White, western theology has sat at the center of biblical interpretation for so long that all of our debates can only be about what the text “really” says. And when we know that the text doesn’t say what it must we create a theological paradigm (reading in light of the rule of faith) that enables us to say that everyone has to agree with us even when we’re disagreeing with the text because the people who gave us the text used our paradigm to pick which books belong.
The problem of whiteness in theology and theological interpretation is that it has sat at the center for so long, it has been “the right answer” for so long, that it is dispositionally incapable of recognizing that it only says what it says because it is white, western, and hegemonic.

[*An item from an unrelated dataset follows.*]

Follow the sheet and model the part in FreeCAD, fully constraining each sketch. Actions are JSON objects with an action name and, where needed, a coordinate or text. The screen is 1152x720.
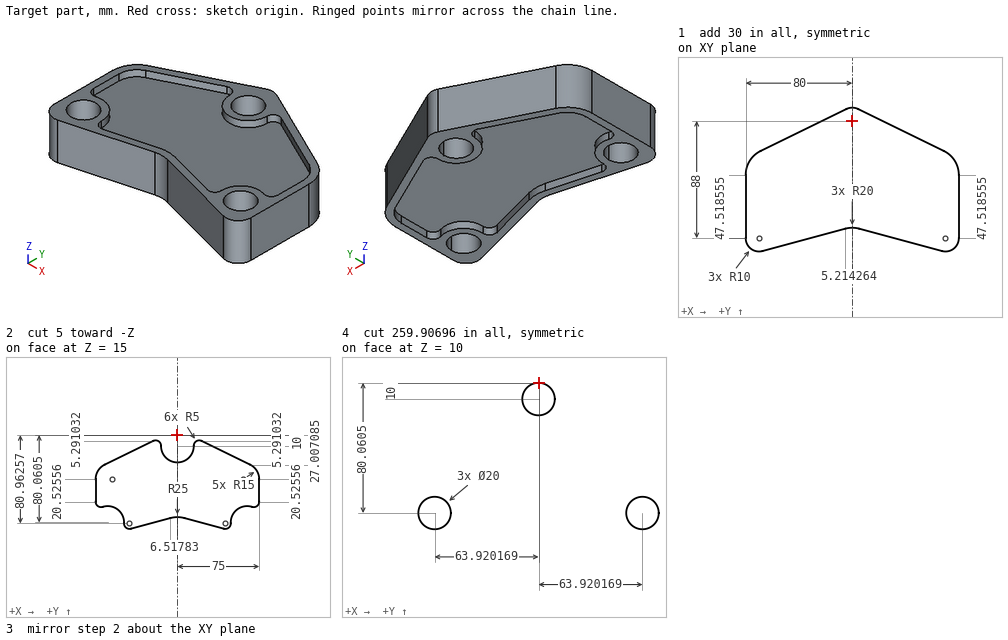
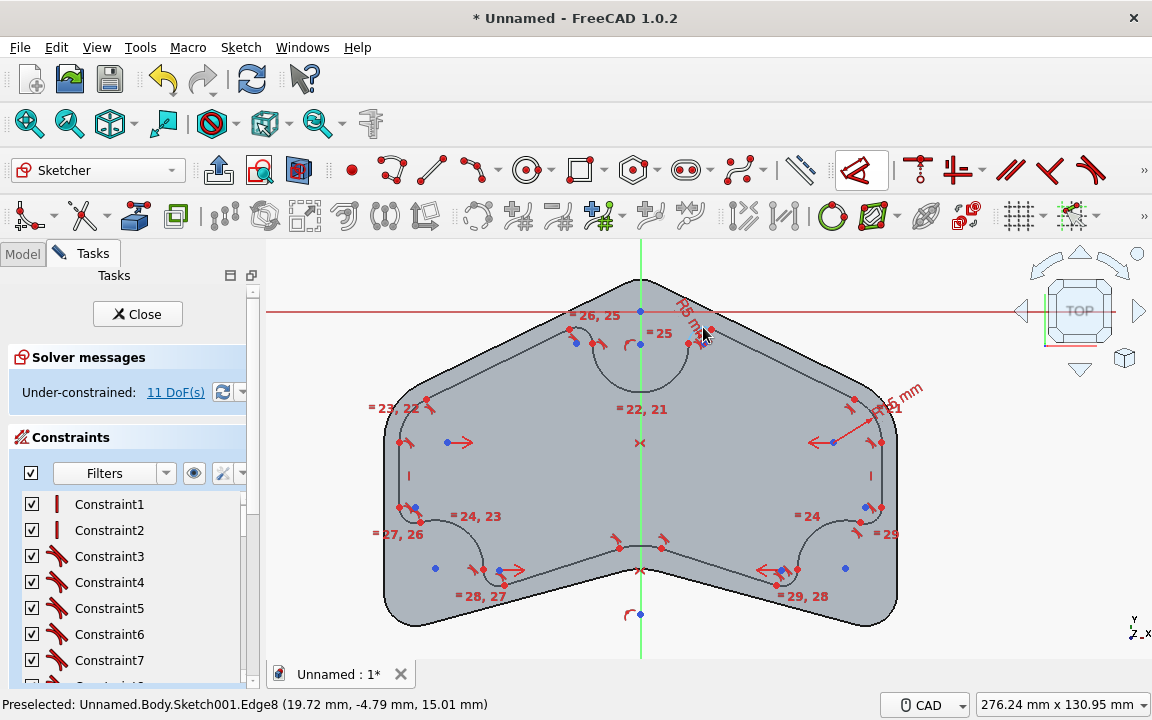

Theological interpretation of scripture should (to survive as an academic discipline it must) model itself after the work of “minority” scholars in its self-awareness and honesty about its revisionist theological readings.
But it can’t. It won’t. Because there’s too much power in saying, “This is the right answer.” It’s powerful from the pulpit, it’s powerful from the lectern.
Toward Theological Humility
I have a dream.
My dream is simply this: that (white, male, mainstream) Christian scholars would be able to say, “I am a Trinitarian. Here is what the text probably says. I’m going to allow that to inform / bolster the theology I came here with in x, y, and z ways; the text is problematic for a fulsome Christian theology in a, b, and c ways, so we must reread the text in light of our commitment to (/the reality of) h, i, and j.”
The reality is that the texts we have do not provide us with the theology or ethics we need or want as a church. Maybe it’s ok that we have 1900 years of subsequent theological reflection to say what we need to say. Maybe it’s ok that everything we want to say isn’t there for us in black and white.
That’s a risk that most of us, it seems, are not yet willing to take.